Aim of the task
For each line below that holds the string "text", add one to a tally; report that tally alone.

Stored dataset items
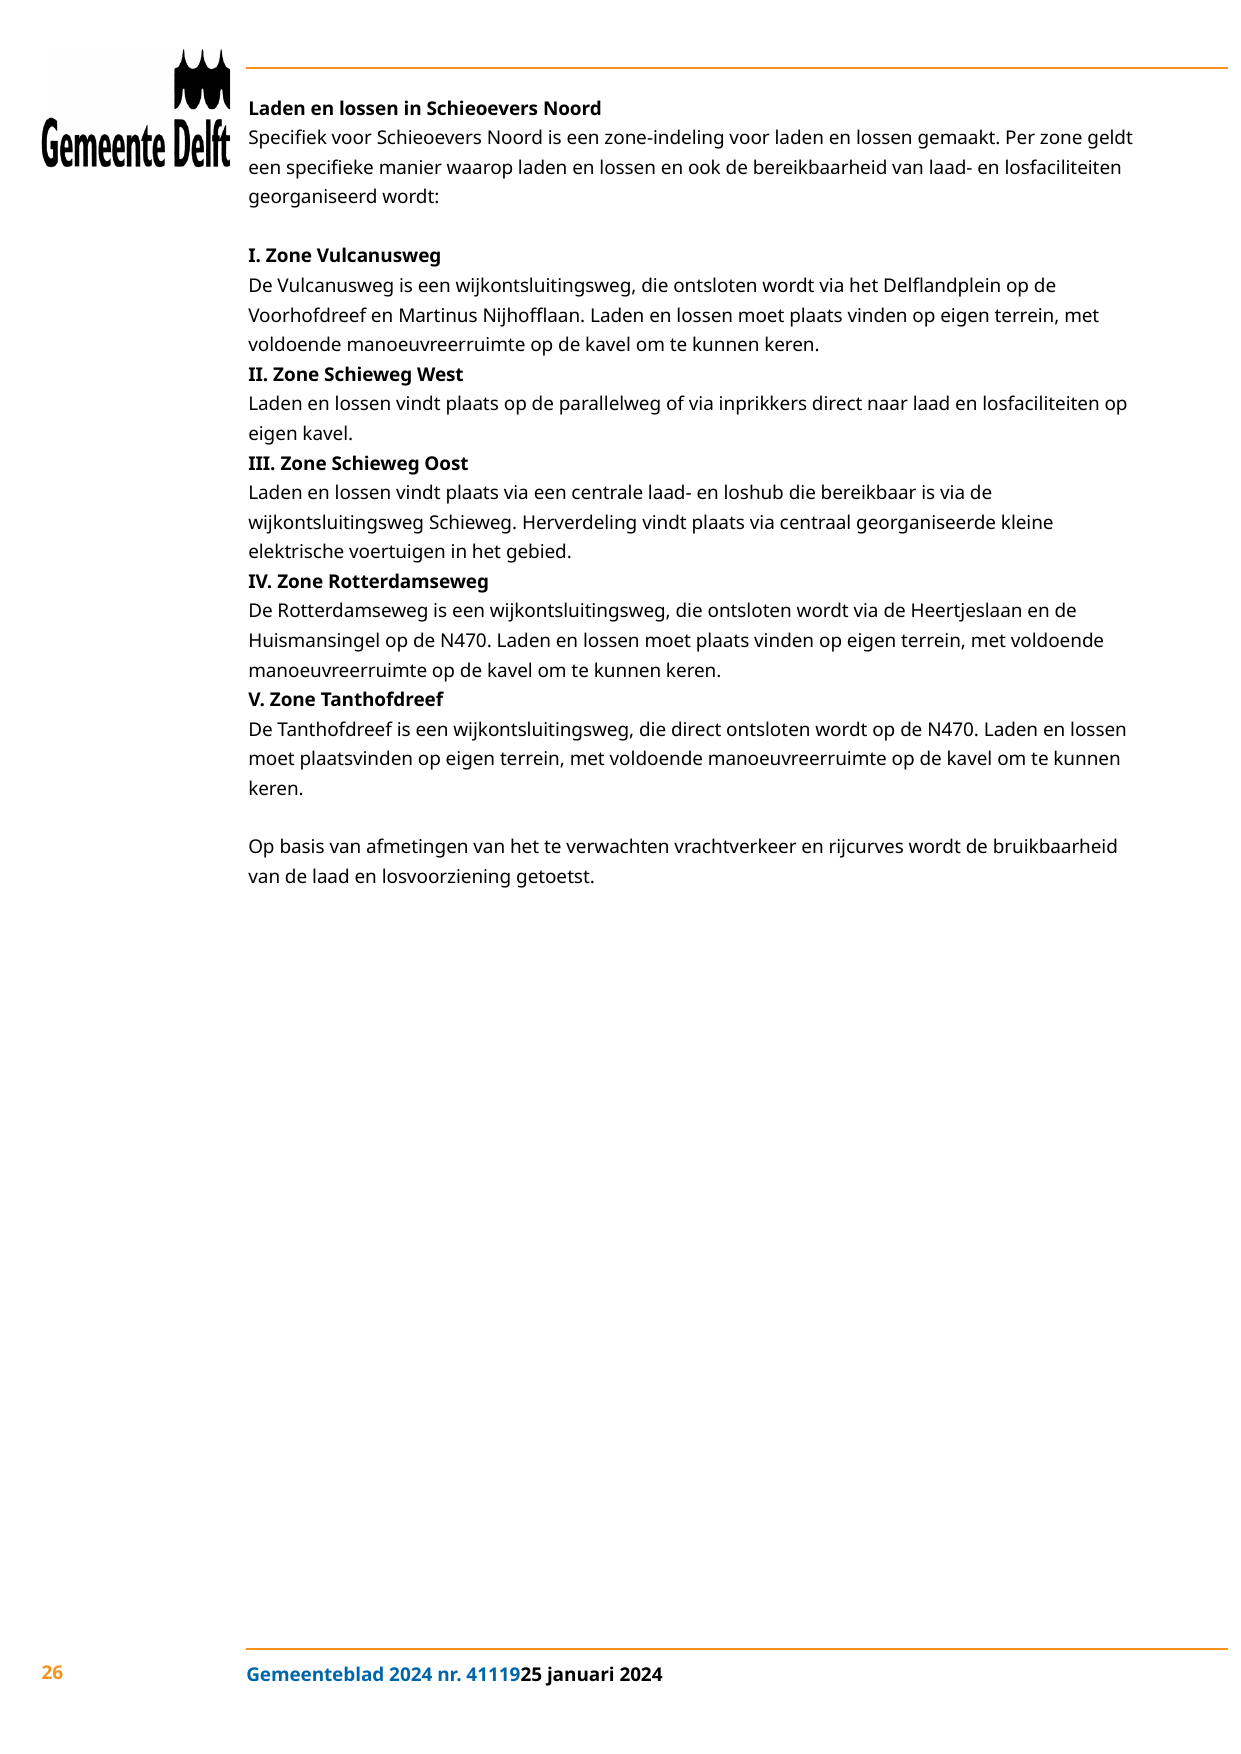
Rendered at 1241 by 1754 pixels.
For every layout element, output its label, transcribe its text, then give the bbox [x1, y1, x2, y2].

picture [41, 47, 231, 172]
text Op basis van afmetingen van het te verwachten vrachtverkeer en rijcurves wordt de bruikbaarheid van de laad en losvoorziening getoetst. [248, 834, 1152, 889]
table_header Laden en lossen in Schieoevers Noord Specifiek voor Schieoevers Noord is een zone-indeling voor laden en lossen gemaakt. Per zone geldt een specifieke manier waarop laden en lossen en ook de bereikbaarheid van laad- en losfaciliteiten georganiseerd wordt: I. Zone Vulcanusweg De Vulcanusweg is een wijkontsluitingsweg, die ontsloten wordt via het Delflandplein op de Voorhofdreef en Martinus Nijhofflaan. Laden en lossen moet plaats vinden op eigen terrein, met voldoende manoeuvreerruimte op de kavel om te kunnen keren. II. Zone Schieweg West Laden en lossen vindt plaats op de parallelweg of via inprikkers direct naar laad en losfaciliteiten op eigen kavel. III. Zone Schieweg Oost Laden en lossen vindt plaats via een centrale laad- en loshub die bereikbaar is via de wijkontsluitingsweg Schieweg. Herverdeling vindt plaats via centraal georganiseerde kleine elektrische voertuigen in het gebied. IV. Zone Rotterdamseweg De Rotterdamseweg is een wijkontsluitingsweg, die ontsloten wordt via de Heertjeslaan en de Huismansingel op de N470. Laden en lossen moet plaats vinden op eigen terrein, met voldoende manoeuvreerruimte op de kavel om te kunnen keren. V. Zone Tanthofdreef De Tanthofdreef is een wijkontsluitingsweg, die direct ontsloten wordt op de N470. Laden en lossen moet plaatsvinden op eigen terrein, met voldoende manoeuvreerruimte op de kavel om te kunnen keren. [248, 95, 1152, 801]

Reply
2